Sidecar containers can also be used to rotate log files that cannot be rotated by the application itself. An example of this approach is a small container running logrotate periodically. However, it's recommended to use stdout and stderr directly and leave rotation and retention policies to the kubelet.

Sidecar container with a logging agent

Sidecar container with a logging agent

If the node-level logging agent is not flexible enough for your situation, you can create a sidecar container with a separate logging agent that you have configured specifically to run with your application.

Note: Using a logging agent in a sidecar container can lead to significant resource consumption.
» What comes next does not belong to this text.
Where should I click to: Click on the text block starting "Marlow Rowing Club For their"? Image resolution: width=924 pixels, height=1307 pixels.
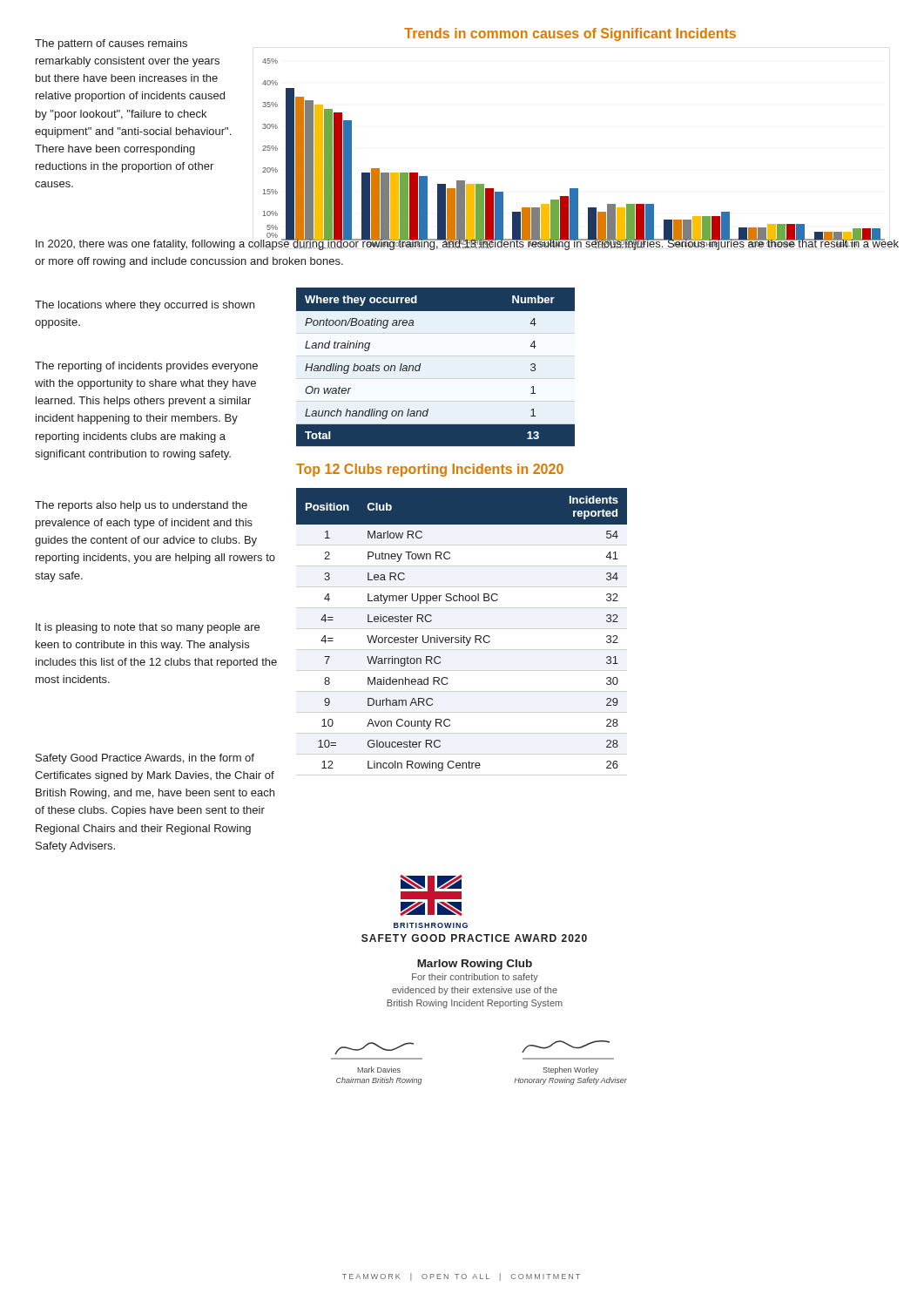click(x=475, y=982)

Moreover, you won't be able to access those logs using kubectl logs because they are not controlled by the kubelet.

Here are two configuration files that you can use to implement a sidecar container with a logging agent. The first file contains a ConfigMap to configure fluentd.

apiVersion: v1
kind: ConfigMap
metadata:
  name: fluentd-config
data:
  fluentd.conf: |
    <source>
      type tail
      format none
      path /var/log/1.log
      pos_file /var/log/1.log.pos
      tag count.format1
    </source>

    <source>
      type tail
      format none
      path /var/log/2.log
      pos_file /var/log/2.log.pos
      tag count.format2
    </source>

    <match **>
      type google_cloud
    </match>    
Note: For information about configuring fluentd, see the fluentd documentation.

The second file describes a pod that has a sidecar container running fluentd. The pod mounts a volume where fluentd can pick up its configuration data.

apiVersion: v1
kind: Pod
metadata:
  name: counter
spec:
  containers:
  - name: count
    image: busybox
    args:
    - /bin/sh
    - -c
    - >
      i=0;
      while true;
      do
        echo "$i: $(date)" >> /var/log/1.log;
        echo "$(date) INFO $i" >> /var/log/2.log;
        i=$((i+1));
        sleep 1;
      done      
    volumeMounts:
    - name: varlog
      mountPath: /var/log
  - name: count-agent
    image: k8s.gcr.io/fluentd-gcp:1.30
    env:
    - name: FLUENTD_ARGS
      value: -c /etc/fluentd-config/fluentd.conf
    volumeMounts:
    - name: varlog
      mountPath: /var/log
    - name: config-volume
      mountPath: /etc/fluentd-config
  volumes:
  - name: varlog
    emptyDir: {}
  - name: config-volume
    configMap:
      name: fluentd-config

In the sample configurations, you can replace fluentd with any logging agent, reading from any source inside an application container.

Exposing logs directly from the application

Exposing logs directly from the application

Cluster-logging that exposes or pushes logs directly from every application is outside the scope of Kubernetes.